According to WCET, 4-6 states and territories may still be out of compliance after noting that some complaint procedures in some states were unclear and may not meet the federal requirements. So far, they have not released the names of the states or territories in question.  Education Secretary Betsy DeVos has also called for NEA to drop its lawsuit which although unlikely to happen could also resolve this issue by allowing the Department to continue their original plan to delay the regulations until such time as new rules are carried out or states comply.


On July 17, the U.S. Department of Education’s Office of Federal Student Aid issued an Electronic Announcement regarding what they deemed an “active and ongoing exploitation” of a known vulnerability potential in some versions of Ellucian’s Banner software. According to FSA’s “Technology Security Alert, the vulnerability affects Ellucian Web Tailor versions 8.8.3, 8.8.4, and 8.9 and Banner Enterprise Identity Services versions 8.3, 8.3.1, 8.3.2, and 8.4. Pointing to advisory bulletin by the National Institute of Standards and Technology (NIST), FSA reported that hackers may be able to breach the system through an institutional account and could then potentially use that access to set up “thousands of student fake student accounts”. The Department says that 62 colleges or universities have been identified which may be affected. Federal Student Aid’s Cyber Incident Team is working with institutions to identify if systems were impacted and to facilitate the necessary fixes. FSA asked institutions using Ellucian Banner to do the following:

  1. review the vulnerability details as provided in NIST advisory CVE-2019-8978;
  2. contact Ellucian to receive information needed to patch or upgrade affected systems; and
  3. respond immediately to the Department via email to both and
  • Include the following information in your email:
  • Institution’s Name
  • Information Technology (IT) Contact at Institution (Name, Email Address, Phone Number)

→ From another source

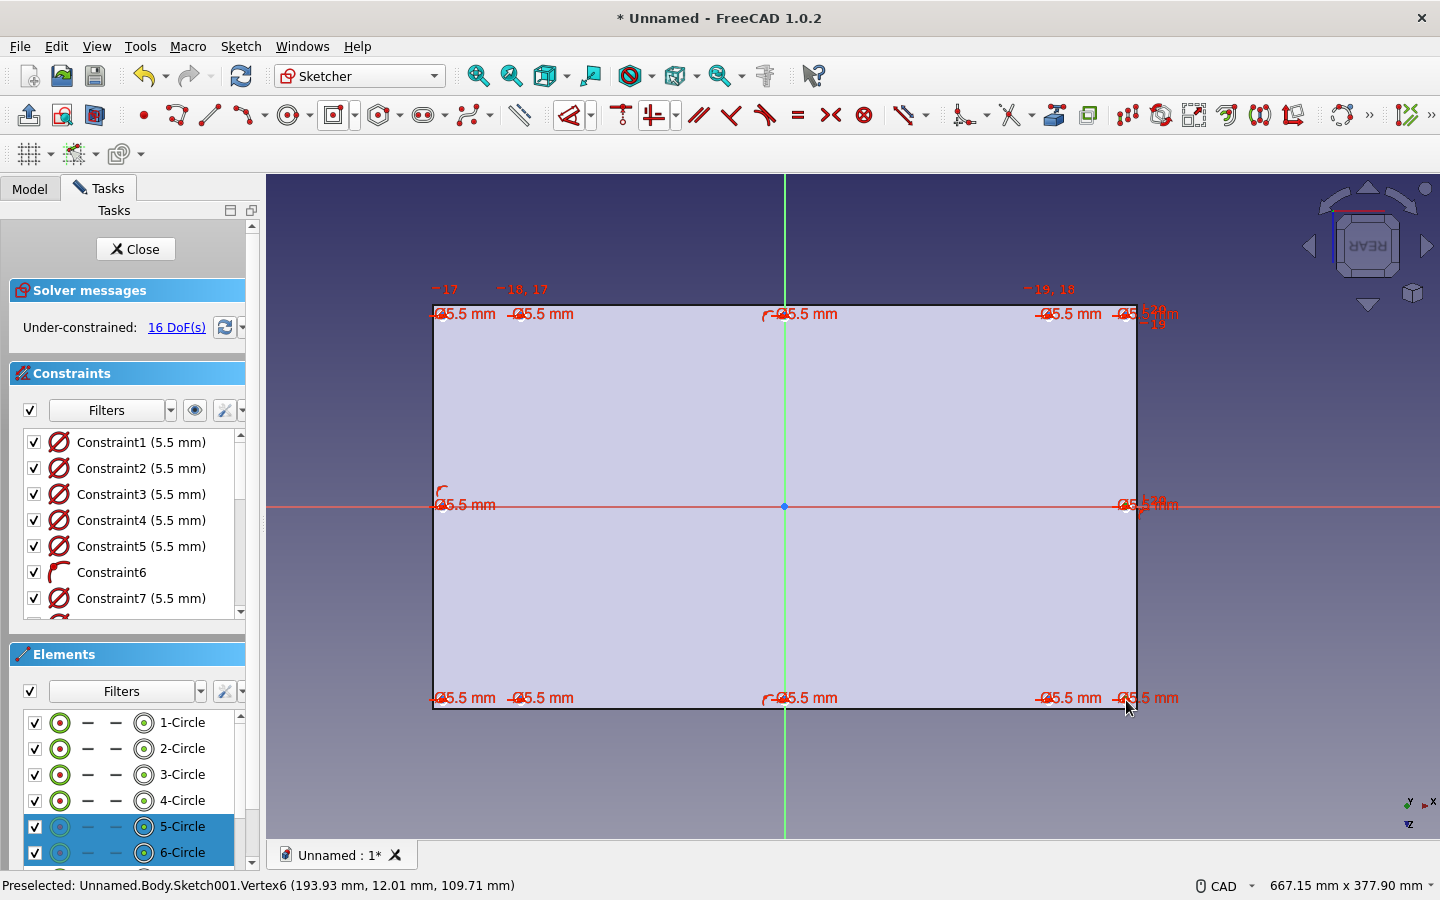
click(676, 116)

Ellucian has since pushed back on ED’s characterization of the nature of breach and its impact, stating that Banner’s potential software vulnerabilities, which were brought to light by both Ellucian and the National Institute of Standards and Technology in May, are unrelated to some of the other cybersecurity concerns outlined by ED. Ellucian said neither they nor ED have reason to suspect that a breach occurred as a result of the Banner software vulnerability. Schools using the impacted software should implement the system patch issued by Ellucian in May, if they have not already done so.

This is the second summer in a row that ED released a Technology Security Alert. In August of 2018, FSA released a warning about a malicious phishing campaign aimed at student email accounts. Officials cautioned that cybercriminals could change student account information including information such as direct deposit banking information which could be used to funnel student refunds and aid distributions into accounts controlled by the attackers. FSA offered this guidance to institutions:

How to protect IHEs: FSA strongly encourages IHEs to strengthen their cybersecurity posture through the use of two-factor or multi-factor authentication processes. These types of authentication rely on a combination of factors, for example, username and password combined with a PIN or security questions or access through a secure, designated device.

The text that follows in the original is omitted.